Moreover, there is a key commitment in the agreement that signatories are prohibited from "re-introducing or re-imposing the sanctions" and, later in the text, are banned from "imposing discriminatory regulatory and procedural requirements in lieu of the sanctions and restrictive measures covered by the [agreement]." Does this mean the U.S. has tied its hands on applying these sanctions against Iran for other nefarious activity, from terrorism to human rights violations? At the very least, it appears that the United States did not make clear enough its intent to preserve sanctions for these non-nuclear purposes. Indeed, Iran may believe it is the only country in the world against whom a long list of penalties can never be applied for any crime it may do. That will only invite the bad behavior we hope to prevent.

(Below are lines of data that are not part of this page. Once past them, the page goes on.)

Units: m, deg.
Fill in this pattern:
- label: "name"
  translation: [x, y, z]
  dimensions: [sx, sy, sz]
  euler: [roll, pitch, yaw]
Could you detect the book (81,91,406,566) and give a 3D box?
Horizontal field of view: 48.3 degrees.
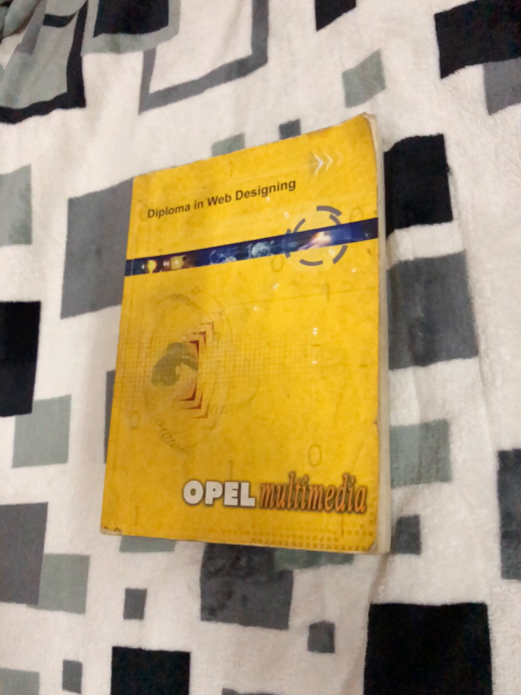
- label: "book"
  translation: [-0.010, -0.011, 0.443]
  dimensions: [0.220, 0.070, 0.310]
  euler: [-5, 74, 27]
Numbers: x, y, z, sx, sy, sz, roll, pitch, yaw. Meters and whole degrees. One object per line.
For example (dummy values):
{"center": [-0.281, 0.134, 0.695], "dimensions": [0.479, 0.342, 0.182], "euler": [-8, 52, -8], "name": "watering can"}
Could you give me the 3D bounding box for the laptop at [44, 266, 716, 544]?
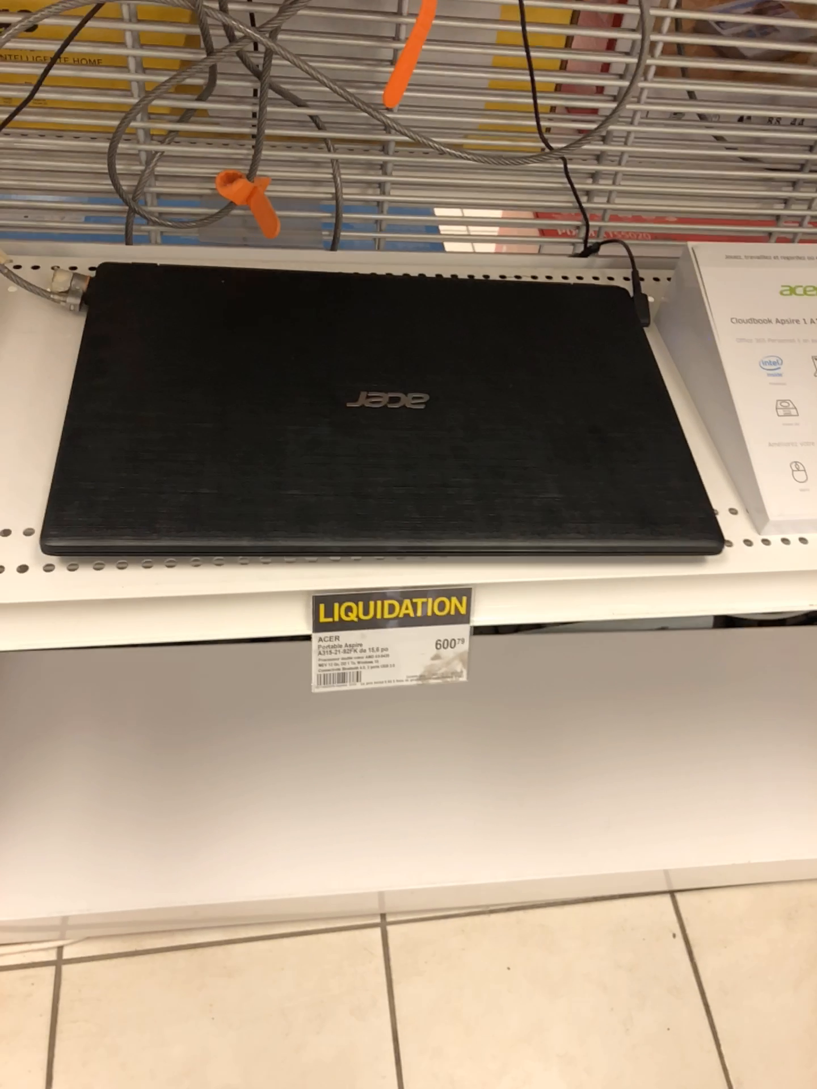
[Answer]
{"center": [-0.015, -0.098, 0.577], "dimensions": [0.374, 0.003, 0.248], "euler": [0, 50, -9], "name": "laptop"}
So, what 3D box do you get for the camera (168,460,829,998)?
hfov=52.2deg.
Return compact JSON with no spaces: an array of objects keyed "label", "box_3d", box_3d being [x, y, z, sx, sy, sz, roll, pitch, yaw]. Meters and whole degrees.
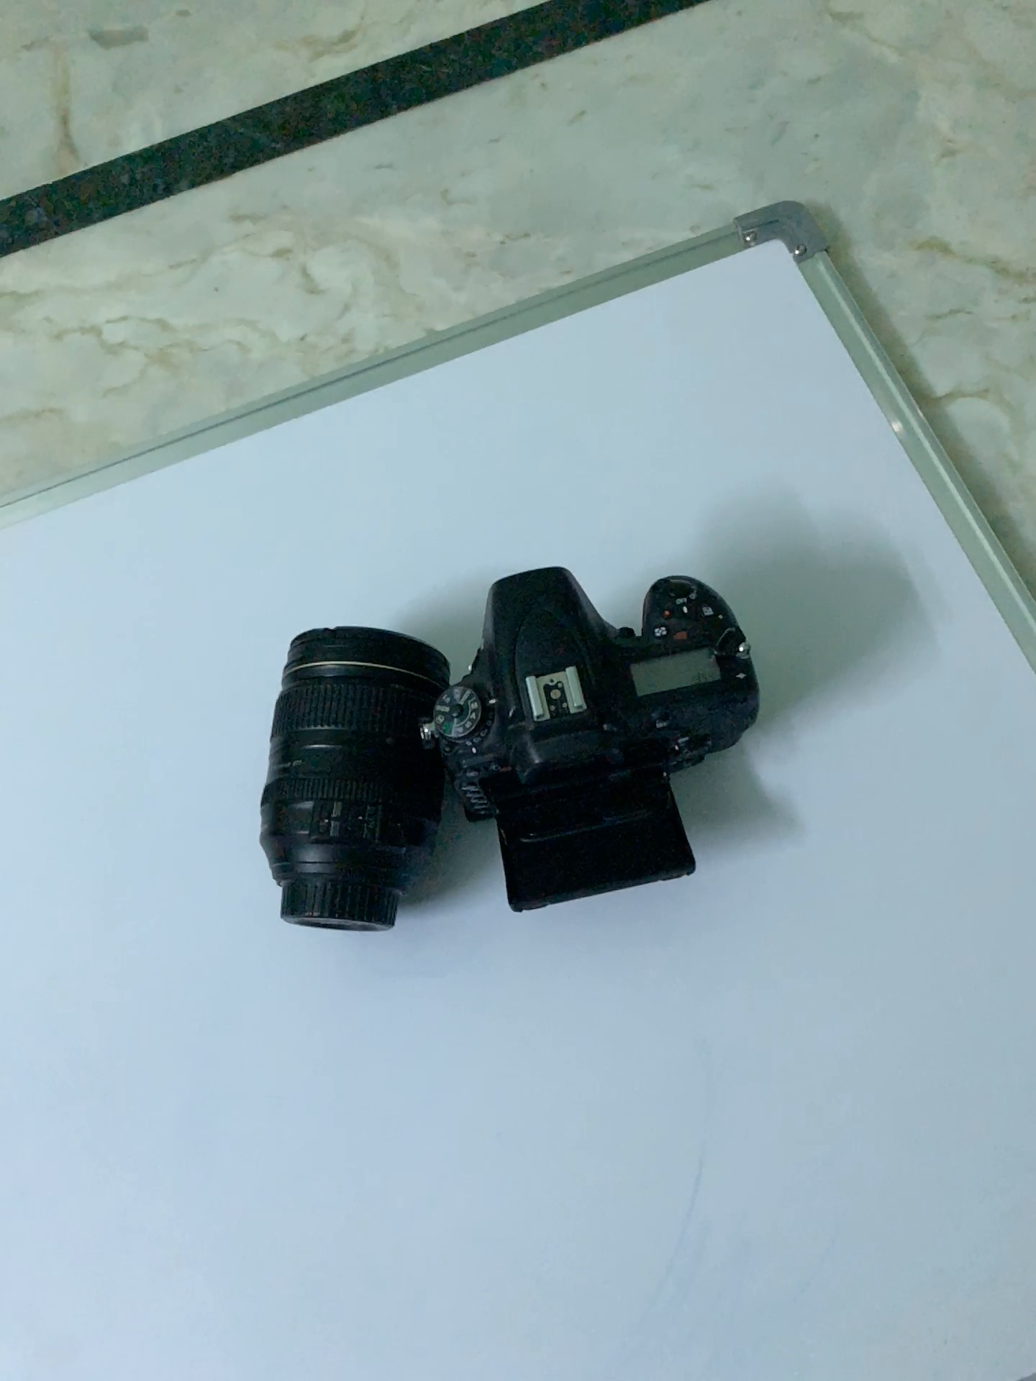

The Iran accord goes further. On top of refraining from penalizing Iran for bad behavior, the U.S. and its partners commit to assist Iran to develop in energy, finance, technology and trade. The idea that America and its allies will actually help Iran grow stronger in these areas will sound a discordant note around the Middle East, where the Tehran regime is viewed as the eminence grise behind Bashar Assad's brutal suppression of his people, the Houthi rebellion against state authority in Yemen, the creeping expansion of radical Shiite influence in Iraq and the activities of some of the most extreme Palestinian terrorist groups.

In that vein, this agreement is truly historic. It marks a potential turning point in America's engagement in the Middle East, a pivot from building regional security on a team of longtime allies who were themselves former adversaries of each other -- Israel and the Sunni Arab states -- in favor of a balance between those allies and our own longtime nemesis, Iran.

This deal does not mean that America and Iran are now partners; far from it. But it sends tremors throughout the region in laying out the potential for that partnership. And Iran doesn't have to pay for this huge strategic gain by giving up its use of terror, subversion or other problematic policies. The only payment Iran makes for this huge strategic gain is postponement of its nuclear ambitions.

Perhaps, even with all these problems, the deal will achieve what the Obama administration promised it would achieve -- to block Iran's multiple pathways to the bomb for at least the next decade. And perhaps achieving that goal is worth the many sacrifices and concessions Washington made along the way.

Before that judgment can be rendered, the administration needs to explain the apparent flaws and complications in the agreement. No less important is the need for the administration to spell out the logic of strategic balance -- or perhaps, strategic competition -- between our old allies and our potential new one that this agreement seems to imply.